À Dijon, la transition écologique n’est pas une idée lointaine ou abstraite : c’est un engagement de terrain, quotidien, visible et partagé. Depuis plus de 20 ans, la métropole agit à tous les niveaux pour construire une ville plus durable, plus sobre en carbone et surtout plus solidaire.
Dijon métropole entend contribuer à la sortie des énergies fossiles en privilégiant les énergies renouvelables et locales.
Comme en témoignent son réseau de chaleur urbain, un premier parc de 44 000 panneaux photovoltaïques déployés avec EDF sur les 17 ha d’une ancienne décharge de produits inertes au nord de Dijon ou encore une usine de production de biométhane valorisant des boues d’épuration, la métropole veut s’engager à atteindre la neutralité carbone sans attendre 2050.
La mise en œuvre du projet RESPONSE d’autoconsommation collective dans le quartier de la Fontaine d’Ouche et de sa réplicabilité à d’autres territoires européens participe également de cette ambition.
Un des leviers essentiels réside dans l’adoption en juin 2025 d’un Plan Climat-Air-Energie Territorial (PCAET) singulier.

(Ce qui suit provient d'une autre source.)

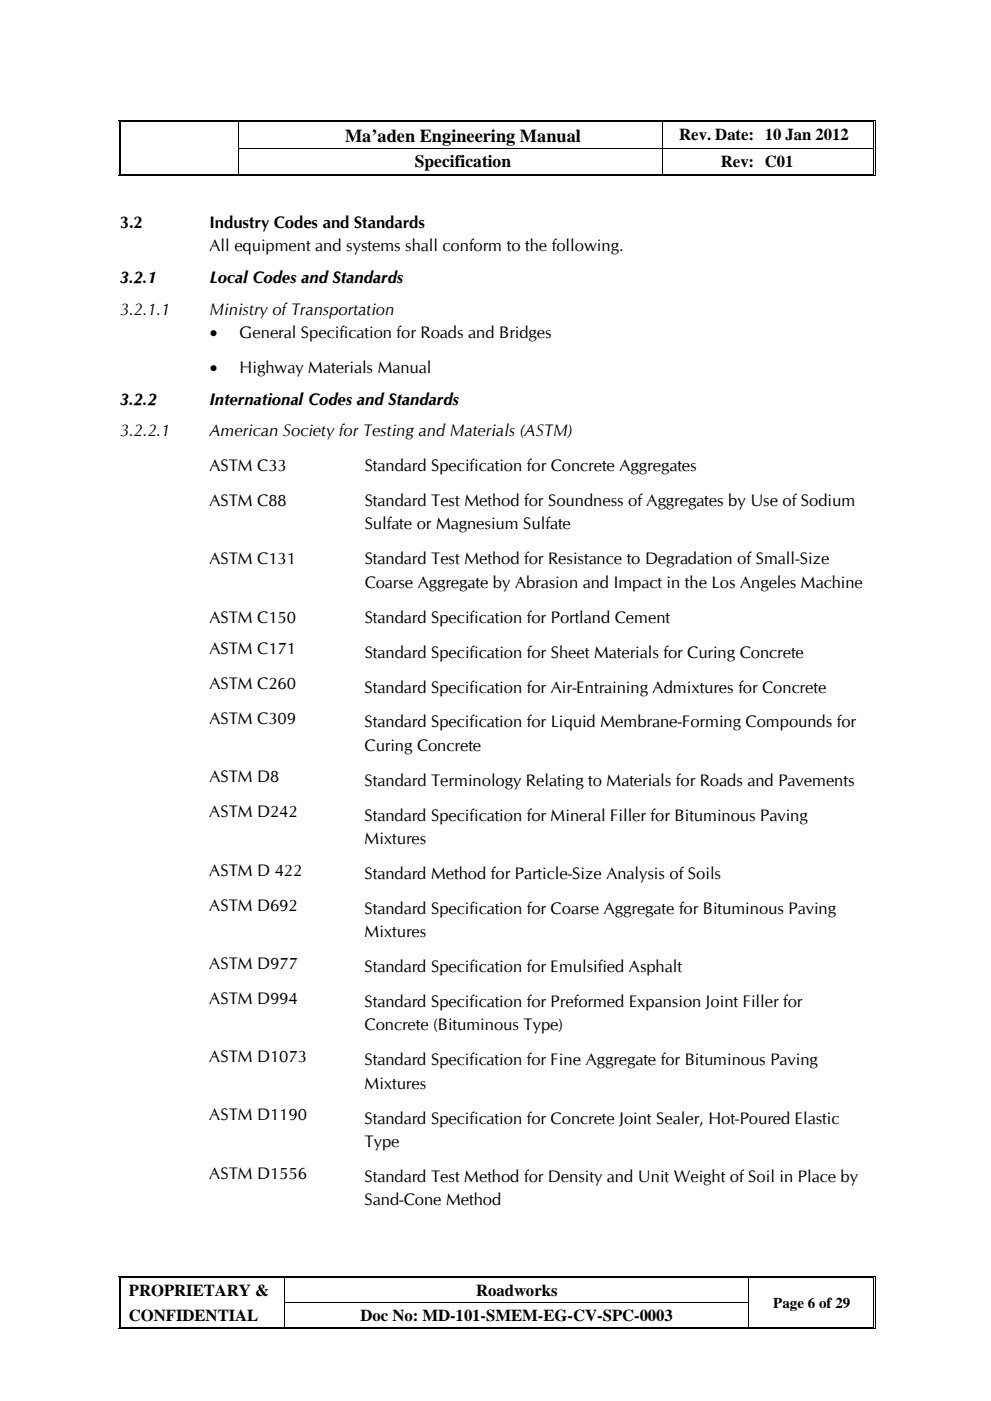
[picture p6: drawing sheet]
<svg xmlns="http://www.w3.org/2000/svg" width="210mm" height="297mm" viewBox="0 0 210 297" stroke-linecap="round" stroke-linejoin="round" font-family="sans-serif">
<defs><g id="words">
<text font-size="3.9" x="73.1" y="30">Ma’aden Engineering Manual</text>
<text font-size="3.7" x="87.9" y="35.5">Specification</text>
<g font-size="3.5">
<text x="144" y="29.7">Rev. Date: 10 Jan 2012</text>
<text x="152.8" y="35.3">Rev: C01</text>
<text x="25.4" y="48.4">3.2</text>
<text x="44.4" y="53.3">All equipment and systems shall conform to the following.</text>
<text x="44.4" y="48.4">Industry Codes and Standards</text>
<text x="25.4" y="60">3.2.1</text>
<text x="44.4" y="60">Local Codes and Standards</text>
<text x="25.4" y="66.7">3.2.1.1</text>
<text x="44.4" y="66.7">Ministry of Transportation</text>
<text x="44.4" y="71.6">•</text>
<text x="50.8" y="71.6">General Specification for Roads and Bridges</text>
<text x="44.4" y="79">•</text>
<text x="50.8" y="79">Highway Materials Manual</text>
<text x="25.4" y="85.7">3.2.2</text>
<text x="44.4" y="85.7">International Codes and Standards</text>
<text x="25.4" y="92.4">3.2.2.1</text>
<text x="44.4" y="92.4">American Society for Testing and Materials (ASTM)</text>
<text x="44.4" y="99.9">ASTM C33</text>
<text x="77.3" y="99.9">Standard Specification for Concrete Aggregates</text>
<text x="44.4" y="107.3">ASTM C88</text>
<text x="77.3" y="107.3">Standard Test Method for Soundness of Aggregates by Use of Sodium</text>
<text x="77.3" y="112.2">Sulfate or Magnesium Sulfate</text>
<text x="44.4" y="119.6">ASTM C131</text>
<text x="77.3" y="119.6">Standard Test Method for Resistance to Degradation of Small-Size</text>
<text x="77.3" y="124.5">Coarse Aggregate by Abrasion and Impact in the Los Angeles Machine</text>
<text x="44.4" y="132">ASTM C150</text>
<text x="77.3" y="132">Standard Specification for Portland Cement</text>
<text x="44.4" y="138.7">ASTM C171</text>
<text x="77.3" y="139.4">Standard Specification for Sheet Materials for Curing Concrete</text>
<text x="44.4" y="146.1">ASTM C260</text>
<text x="77.3" y="146.8">Standard Specification for Air-Entraining Admixtures for Concrete</text>
<text x="44.4" y="153.5">ASTM C309</text>
<text x="77.3" y="154.2">Standard Specification for Liquid Membrane-Forming Compounds for</text>
<text x="77.3" y="159.1">Curing Concrete</text>
<text x="44.4" y="165.8">ASTM D8</text>
<text x="77.3" y="166.5">Standard Terminology Relating to Materials for Roads and Pavements</text>
<text x="44.4" y="173.2">ASTM D242</text>
<text x="77.3" y="173.9">Standard Specification for Mineral Filler for Bituminous Paving</text>
<text x="77.3" y="178.9">Mixtures</text>
<text x="44.4" y="185.6">ASTM D 422</text>
<text x="77.3" y="186.3">Standard Method for Particle-Size Analysis of Soils</text>
<text x="44.4" y="193">ASTM D692</text>
<text x="77.3" y="193.7">Standard Specification for Coarse Aggregate for Bituminous Paving</text>
<text x="77.3" y="198.6">Mixtures</text>
<text x="44.4" y="205.3">ASTM D977</text>
<text x="77.3" y="206">Standard Specification for Emulsified Asphalt</text>
<text x="44.4" y="212.7">ASTM D994</text>
<text x="77.3" y="213.4">Standard Specification for Preformed Expansion Joint Filler for</text>
<text x="77.3" y="218.4">Concrete (Bituminous Type)</text>
<text x="44.4" y="225.1">ASTM D1073</text>
<text x="77.3" y="225.8">Standard Specification for Fine Aggregate for Bituminous Paving</text>
<text x="77.3" y="230.7">Mixtures</text>
<text x="44.4" y="237.4">ASTM D1190</text>
<text x="77.3" y="238.1">Standard Specification for Concrete Joint Sealer, Hot-Poured Elastic</text>
<text x="77.3" y="243.1">Type</text>
<text x="44.4" y="249.8">ASTM D1556</text>
<text x="77.3" y="250.5">Standard Test Method for Density and Unit Weight of Soil in Place by</text>
<text x="77.3" y="255.4">Sand-Cone Method</text>
<text x="27.3" y="274.7">PROPRIETARY &amp;</text>
<text x="100.9" y="274.7">Roadworks</text>
<text x="27.3" y="279.9">CONFIDENTIAL</text>
<text x="76.4" y="279.9">Doc No: MD-101-SMEM-EG-CV-SPC-0003</text>
</g>
<text font-size="3.2" x="163.9" y="277.2">Page 6 of 29</text>
</g></defs>
<g fill="#000">
<path d="M25.1 25.4h.2v1h-.2z" fill-rule="evenodd"/>
<path d="M25.1 25.4h.6v.2h-.6z" fill-rule="evenodd"/>
<path d="M25.1 31.4h.2v.6h-.2z" fill-rule="evenodd"/>
<path d="M25.1 36.8h.2v.5h-.2z" fill-rule="evenodd"/>
<path d="M25.1 37.2h.6v.1h-.6z" fill-rule="evenodd"/>
<path d="M25.5 25.7h.2v.7h-.2z" fill-rule="evenodd"/>
<path d="M25.5 25.7h.2v.2h-.2z" fill-rule="evenodd"/>
<path d="M25.5 31.4h.2v.6h-.2z" fill-rule="evenodd"/>
<path d="M25.5 36.8h.2v.2h-.2z" fill-rule="evenodd"/>
<path d="M25.5 36.8h.2v.2h-.2z" fill-rule="evenodd"/>
<path d="M50.6 25.9h.1v.5h-.1z" fill-rule="evenodd"/>
<path d="M50.6 25.4h.5v.2h-.5z" fill-rule="evenodd"/>
<path d="M50.6 25.7h.5v.2h-.5z" fill-rule="evenodd"/>
<path d="M50.6 31.4h.1v.6h-.1z" fill-rule="evenodd"/>
<path d="M50.6 36.8h.5v.2h-.5z" fill-rule="evenodd"/>
<path d="M50.6 37.2h.5v.1h-.5z" fill-rule="evenodd"/>
<path d="M140.3 25.9h.2v.5h-.2z" fill-rule="evenodd"/>
<path d="M140.3 25.4h.5v.2h-.5z" fill-rule="evenodd"/>
<path d="M140.3 25.7h.5v.2h-.5z" fill-rule="evenodd"/>
<path d="M140.3 31.4h.2v.6h-.2z" fill-rule="evenodd"/>
<path d="M140.3 36.8h.5v.2h-.5z" fill-rule="evenodd"/>
<path d="M140.3 37.2h.5v.1h-.5z" fill-rule="evenodd"/>
<path d="M160.4 25.4h.5v.2h-.5z" fill-rule="evenodd"/>
<path d="M160.4 25.7h.5v.2h-.5z" fill-rule="evenodd"/>
<path d="M160.4 31.4h.2v.1h-.2z" fill-rule="evenodd"/>
<path d="M160.4 36.8h.5v.2h-.5z" fill-rule="evenodd"/>
<path d="M160.4 37.2h.5v.1h-.5z" fill-rule="evenodd"/>
<path d="M185.2 25.4h.5v.2h-.5z" fill-rule="evenodd"/>
<path d="M185.2 25.7h.1v.7h-.1z" fill-rule="evenodd"/>
<path d="M185.2 25.7h.1v.2h-.1z" fill-rule="evenodd"/>
<path d="M185.2 31.4h.1v.6h-.1z" fill-rule="evenodd"/>
<path d="M185.2 37.2h.5v.1h-.5z" fill-rule="evenodd"/>
<path d="M185.2 36.8h.1v.2h-.1z" fill-rule="evenodd"/>
<path d="M185.2 36.8h.1v.2h-.1z" fill-rule="evenodd"/>
<path d="M185.5 25.4h.2v1h-.2z" fill-rule="evenodd"/>
<path d="M185.5 31.4h.2v.6h-.2z" fill-rule="evenodd"/>
<path d="M185.5 36.8h.2v.5h-.2z" fill-rule="evenodd"/>
<path d="M25.1 270.4h.2v1h-.2z" fill-rule="evenodd"/>
<path d="M25.1 270.4h.6v.1h-.6z" fill-rule="evenodd"/>
<path d="M25.1 275.9h.2v.7h-.2z" fill-rule="evenodd"/>
<path d="M25.5 270.7h.2v.7h-.2z" fill-rule="evenodd"/>
<path d="M25.5 270.7h.2v.2h-.2z" fill-rule="evenodd"/>
<path d="M25.5 275.9h.2v.7h-.2z" fill-rule="evenodd"/>
<path d="M60.2 270.9h.2v.5h-.2z" fill-rule="evenodd"/>
<path d="M60.2 270.4h.5v.1h-.5z" fill-rule="evenodd"/>
<path d="M60.2 270.7h.5v.2h-.5z" fill-rule="evenodd"/>
<path d="M60.2 275.9h.2v.7h-.2z" fill-rule="evenodd"/>
<path d="M158.7 270.9h.1v.5h-.1z" fill-rule="evenodd"/>
<path d="M158.7 270.4h.5v.1h-.5z" fill-rule="evenodd"/>
<path d="M158.7 270.7h.5v.2h-.5z" fill-rule="evenodd"/>
<path d="M158.7 275.9h.1v.7h-.1z" fill-rule="evenodd"/>
<path d="M185.2 270.4h.5v.1h-.5z" fill-rule="evenodd"/>
<path d="M185.2 270.7h.1v.7h-.1z" fill-rule="evenodd"/>
<path d="M185.2 270.7h.1v.2h-.1z" fill-rule="evenodd"/>
<path d="M185.2 275.9h.1v.7h-.1z" fill-rule="evenodd"/>
<path d="M185.5 270.4h.2v1h-.2z" fill-rule="evenodd"/>
<path d="M185.5 275.9h.2v.7h-.2z" fill-rule="evenodd"/>
<path d="M25.1 281.2h.2v.5h-.2z" fill-rule="evenodd"/>
<path d="M25.1 281.5h.6v.2h-.6z" fill-rule="evenodd"/>
<path d="M25.5 281.2h.2v.1h-.2z" fill-rule="evenodd"/>
<path d="M25.5 281.2h.2v.1h-.2z" fill-rule="evenodd"/>
<path d="M60.2 281.2h.5v.1h-.5z" fill-rule="evenodd"/>
<path d="M60.2 281.5h.5v.2h-.5z" fill-rule="evenodd"/>
<path d="M158.7 281.2h.5v.1h-.5z" fill-rule="evenodd"/>
<path d="M158.7 281.5h.5v.2h-.5z" fill-rule="evenodd"/>
<path d="M185.2 281.5h.5v.2h-.5z" fill-rule="evenodd"/>
<path d="M185.2 281.2h.1v.1h-.1z" fill-rule="evenodd"/>
<path d="M185.2 281.2h.1v.1h-.1z" fill-rule="evenodd"/>
<path d="M185.5 281.2h.2v.5h-.2z" fill-rule="evenodd"/>
</g>
<g fill="none" stroke="#000" stroke-width=".21">
<path d="M25.2 26.4v5M25.2 32v4.8M25.6 26.4v5M25.6 32v4.8M25.7 25.5h24.9M25.7 25.8h24.9M25.7 37.3h24.9M25.7 36.9h24.9M50.7 26.4v5M50.7 32v4.8M50.7 31.5h89.6M51.1 25.5h89.2"/>
<path d="M51.1 25.8h89.2M51.1 37.3h89.2M51.1 36.9h89.2M140.4 26.4v5M140.4 32v4.8M140.5 31.5h19.9M140.8 25.5h19.6M140.8 25.8h19.6M140.8 37.3h19.6M140.8 36.9h19.6M160.6 31.5h24.6M160.9 25.5h24.3"/>
<path d="M160.9 25.8h24.3M160.9 37.3h24.3M160.9 36.9h24.3M185.3 26.4v5M185.3 32v4.8M185.6 26.4v5M185.6 32v4.8M25.2 271.4v4.5M25.2 276.6v4.6M25.6 271.4v4.5M25.6 276.6v4.6M25.7 270.4h34.5"/>
<path d="M25.7 270.8h34.5M60.3 271.4v4.5M60.3 276.6v4.6M60.4 276h98.3M60.7 270.4h98M60.7 270.8h98M158.8 271.4v4.5M158.8 276.6v4.6M159.2 270.4h26M159.2 270.8h26M185.3 271.4v4.5M185.3 276.6v4.6"/>
<path d="M185.6 271.4v4.5M185.6 276.6v4.6M25.7 281.6h34.5M25.7 281.3h34.5M60.7 281.6h98M60.7 281.3h98M159.2 281.6h26M159.2 281.3h26"/>
</g>
<use href="#words"/>
</svg>

Souhaitant s’engager au-delà du cadre réglementaire, la métropole y a ajouté deux dimensions essentielles en cohérence avec des politiques qu’elle déploie au quotidien :
- La préservation de la biodiversité, prise en compte dans les documents de planification et les projets d’aménagement et qui contribue au stockage de carbone par le développement de solutions basées sur la nature.
- L’alimentation durable , orientation cohérente avec le poids que représente le circuit « du sol à la fourchette » en termes d’émission de gaz à effet de serre (25%) mais aussi pour son potentiel de séquestration du carbone.